§ **What is expected**:
Among the entries below, extract exactly the lines that run from the one with "- person [1852,514,1919,690]" through the one with "- person [1256,624,1347,853]", both ends included.

····················

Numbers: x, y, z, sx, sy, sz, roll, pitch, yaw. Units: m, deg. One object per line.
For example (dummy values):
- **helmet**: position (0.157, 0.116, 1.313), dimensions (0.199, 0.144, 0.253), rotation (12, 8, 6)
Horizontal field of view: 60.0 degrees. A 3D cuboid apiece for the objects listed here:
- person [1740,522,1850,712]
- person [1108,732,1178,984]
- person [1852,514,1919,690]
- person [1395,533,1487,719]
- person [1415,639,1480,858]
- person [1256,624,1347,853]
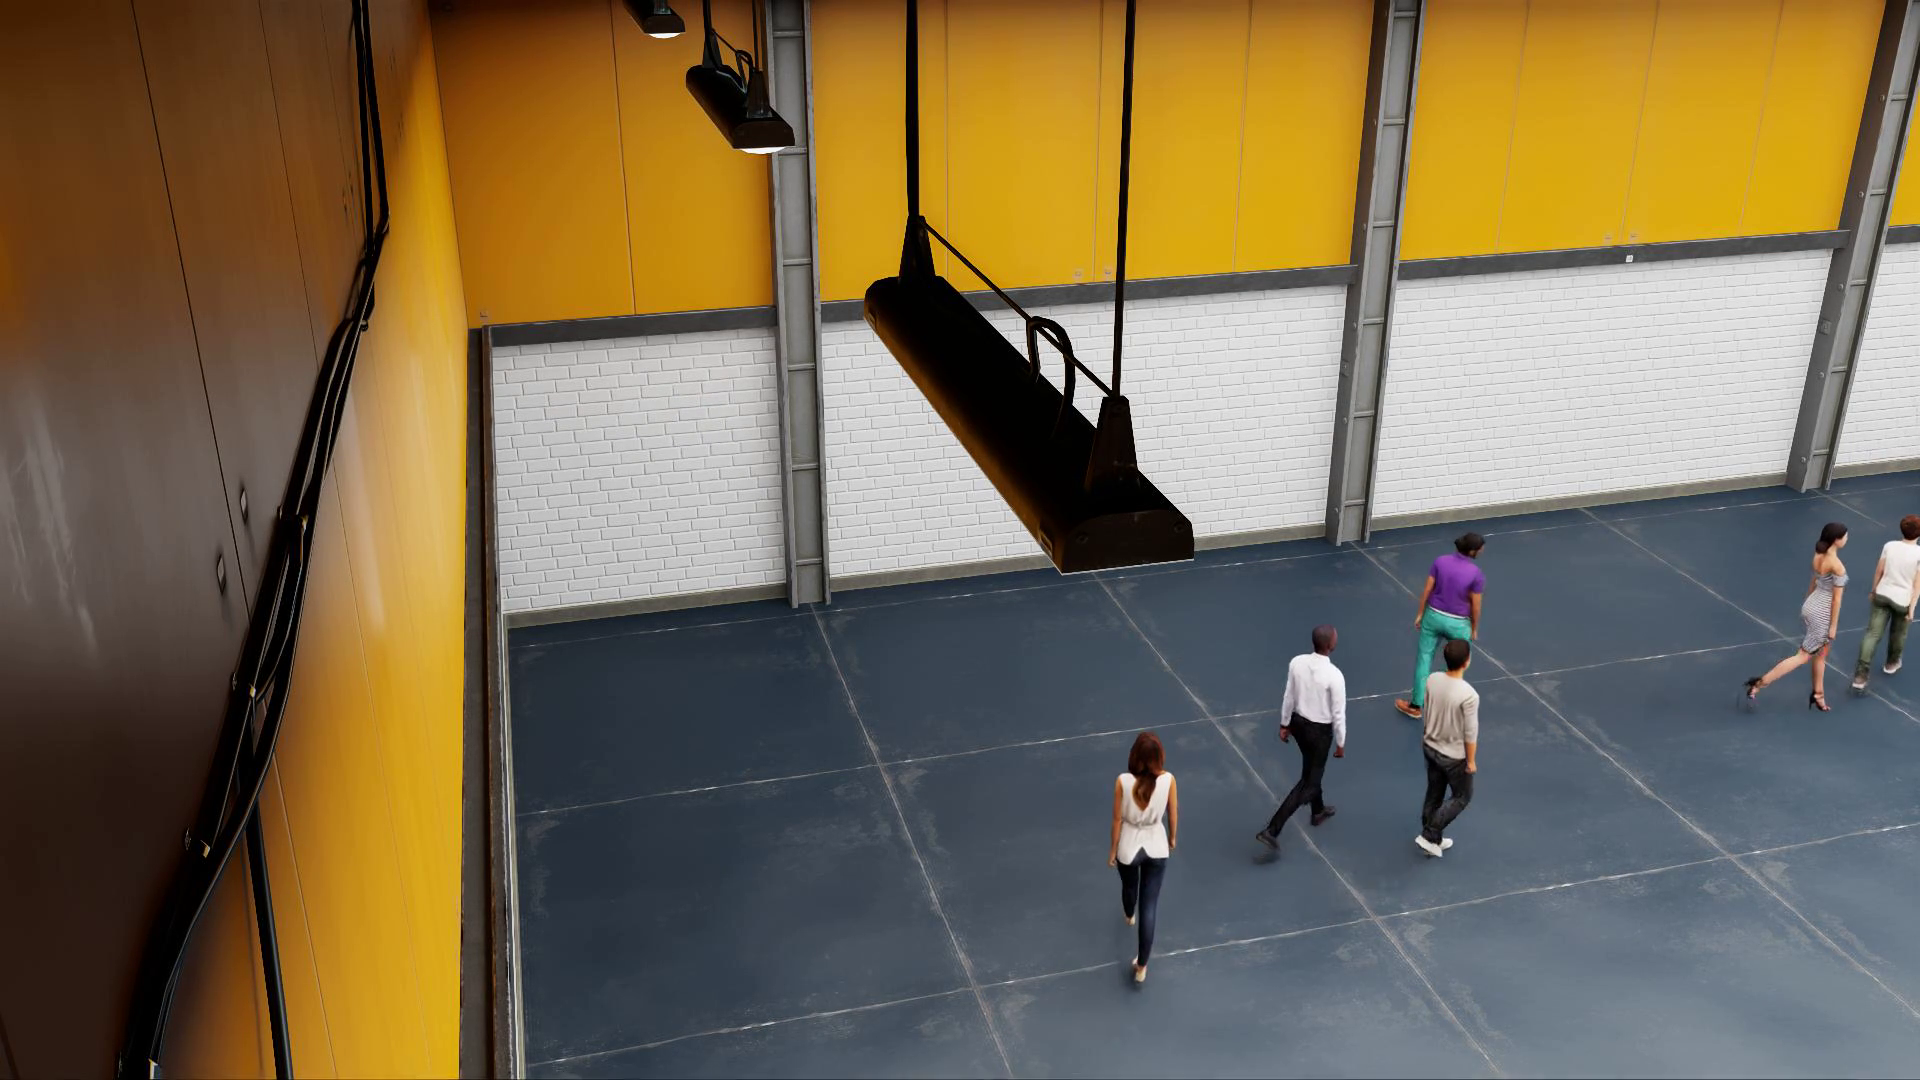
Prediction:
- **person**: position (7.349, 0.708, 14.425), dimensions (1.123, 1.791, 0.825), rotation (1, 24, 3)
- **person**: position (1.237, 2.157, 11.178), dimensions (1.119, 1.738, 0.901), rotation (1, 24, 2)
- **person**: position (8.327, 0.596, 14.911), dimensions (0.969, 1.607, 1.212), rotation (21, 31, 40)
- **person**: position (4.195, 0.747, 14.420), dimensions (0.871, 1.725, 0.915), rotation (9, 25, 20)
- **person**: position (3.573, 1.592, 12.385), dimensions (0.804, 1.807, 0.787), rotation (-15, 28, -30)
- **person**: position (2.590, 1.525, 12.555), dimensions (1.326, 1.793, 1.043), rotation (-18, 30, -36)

····················

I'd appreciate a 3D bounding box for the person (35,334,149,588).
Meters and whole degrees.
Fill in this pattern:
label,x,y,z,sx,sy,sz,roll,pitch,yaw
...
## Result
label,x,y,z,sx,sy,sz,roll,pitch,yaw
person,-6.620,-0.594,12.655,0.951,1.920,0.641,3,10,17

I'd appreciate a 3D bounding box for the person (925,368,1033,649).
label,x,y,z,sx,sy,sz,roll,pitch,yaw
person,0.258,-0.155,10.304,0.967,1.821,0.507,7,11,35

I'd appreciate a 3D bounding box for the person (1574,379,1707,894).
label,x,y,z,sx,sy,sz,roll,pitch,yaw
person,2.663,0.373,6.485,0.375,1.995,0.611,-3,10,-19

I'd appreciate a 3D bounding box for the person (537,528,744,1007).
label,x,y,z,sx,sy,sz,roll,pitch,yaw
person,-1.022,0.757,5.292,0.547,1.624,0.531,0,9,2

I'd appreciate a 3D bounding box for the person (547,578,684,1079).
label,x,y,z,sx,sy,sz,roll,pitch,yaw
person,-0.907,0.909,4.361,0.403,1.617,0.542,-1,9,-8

····················

§ **Task answer**:
- person [1852,514,1919,690]
- person [1395,533,1487,719]
- person [1415,639,1480,858]
- person [1256,624,1347,853]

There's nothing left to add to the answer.